Letta (formerly MemGPT) is the open source framework for building AI agents with persistent long-term memory — agents that remember what happened in previous sessions, update their knowledge as they learn, and retrieve relevant context automatically rather than starting fresh every conversation.
The Problem
Standard LLM API calls are stateless. Your application manages conversation history, and that history is bounded by the model's context window. Once a conversation grows long enough, older context falls off. Agents built on raw API calls forget users between sessions, lose the thread of multi-week projects, and repeat questions already answered. Building memory on top of a raw API requires custom vector stores, retrieval logic, and memory update pipelines — weeks of infrastructure before the agent itself can be built.
How Letta Solves It
Letta handles memory as a first-class concept. Each agent has three memory layers: in-context working memory for the current conversation, persistent recall storage for past interactions, and an archival store for long-term knowledge. The agent itself can read and write its own memory — inserting new facts, searching past conversations, deciding what to remember — using built-in memory tools called as part of the normal generation process.
Key Features
- Three-tier memory: in-context working memory, recall storage (past conversations), archival (long-term facts)

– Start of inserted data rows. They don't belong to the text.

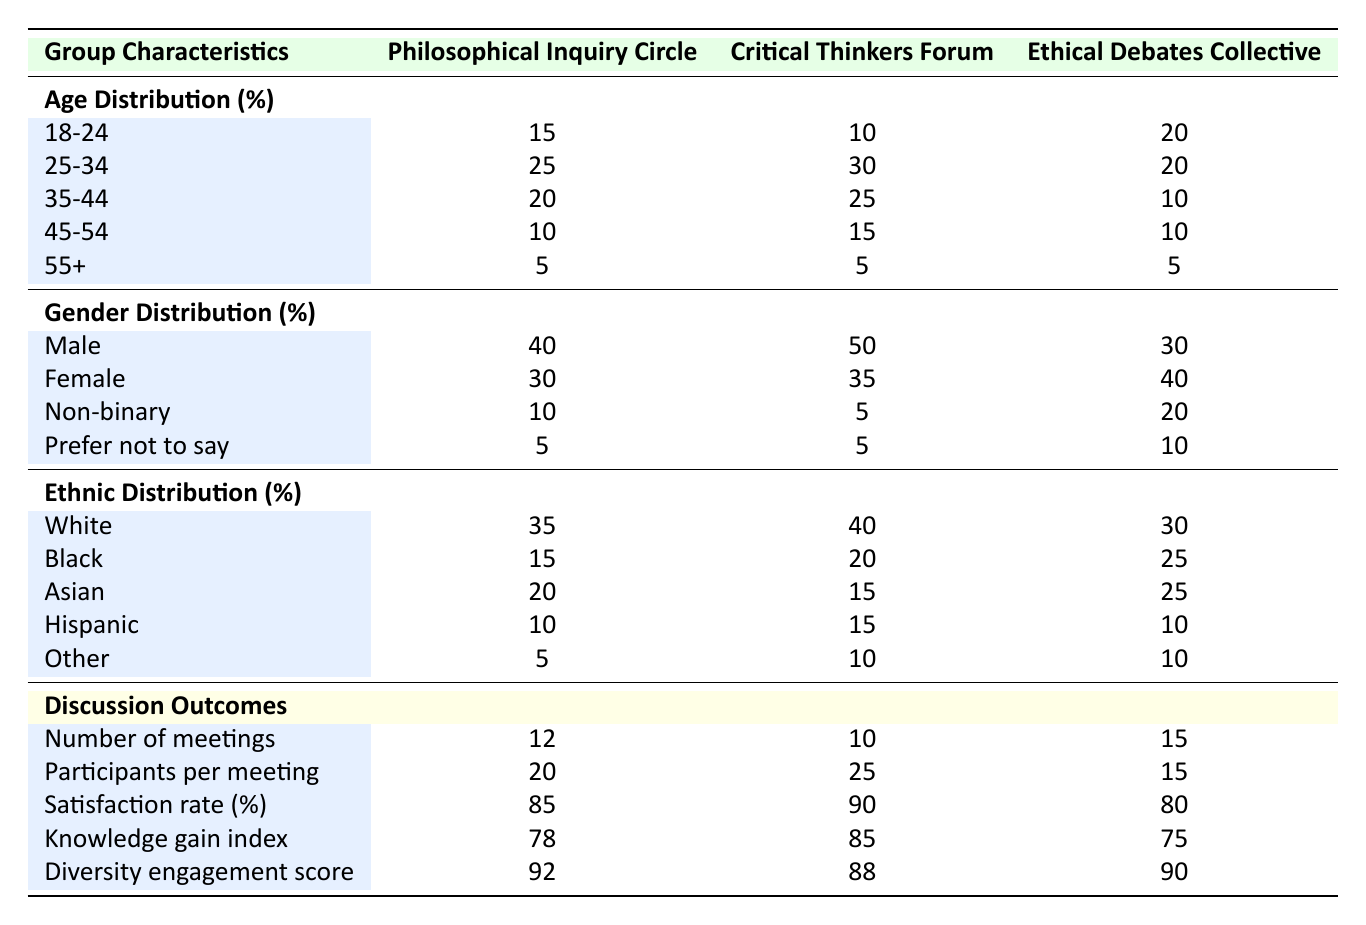What is the satisfaction rate for the Critical Thinkers Forum? The satisfaction rate for the Critical Thinkers Forum can be found in the discussion outcomes section of the table, which directly lists this value as 90%.
Answer: 90% Which group has the highest percentage of female participants? By comparing the gender distribution percentages, the Ethical Debates Collective has 40% female participants, which is higher than the other groups (Philosophical Inquiry Circle at 30% and Critical Thinkers Forum at 35%).
Answer: Ethical Debates Collective What is the average number of participants per meeting across the three discussion groups? To calculate the average, sum the participants per meeting across all groups: (20 + 25 + 15) = 60, then divide by the number of groups, which is 3: 60 / 3 = 20.
Answer: 20 Is there a higher diversity engagement score for the Philosophical Inquiry Circle than for the Ethical Debates Collective? Comparing the diversity engagement scores, the Philosophical Inquiry Circle has 92 while the Ethical Debates Collective has 90. Since 92 is greater than 90, the statement is true.
Answer: Yes Which age group has the lowest representation in the Ethical Debates Collective? In the age distribution for the Ethical Debates Collective, the lowest percentage is 10% for both the 35-44 and 45-54 age groups.
Answer: 35-44 and 45-54 (both have 10%) What is the total percentage of participants aged 18-24 and 55+ in the Philosophical Inquiry Circle? To find this total, add the percentages of participants aged 18-24 (15%) and 55+ (5%): 15 + 5 = 20%.
Answer: 20% Which group has the lowest knowledge gain index? The knowledge gain index values show that the Ethical Debates Collective has the lowest score at 75 compared to the others (78 and 85).
Answer: Ethical Debates Collective Is there a direct correlation between the number of meetings and the diversity engagement score for the Critical Thinkers Forum? The Critical Thinkers Forum had 10 meetings and a diversity engagement score of 88. The relationship could be analyzed by comparing to other groups, but without more data on consistent scoring across different meeting counts, a simple correlation cannot be established.
Answer: Not determinable from the table What is the sum of the percentages of non-binary participants across all discussion groups? The non-binary percentages in each group are: 10% for the Philosophical Inquiry Circle, 5% for the Critical Thinkers Forum, and 20% for the Ethical Debates Collective. Adding these gives: 10 + 5 + 20 = 35%.
Answer: 35%

- Agents read and write their own memory using built-in tool calls during generation
- REST API and Python SDK for building stateful agents without managing vector stores
- Persistent agents that survive server restarts across multi-session deployments
- Multi-user isolation: each user gets independent agent memory
- Supports any OpenAI-compatible model
Who It's For
Letta is best for developers building personal AI assistants that must remember users across sessions, enterprise chatbots that accumulate domain knowledge over time, and research teams studying long-term memory architectures for AI agents.
Compared to LangChain
Unlike LangChain's memory primitives, Letta treats memory as a first-class agent capability — the agent itself reads and writes its memory stores during generation, rather than having memory managed externally by the application layer.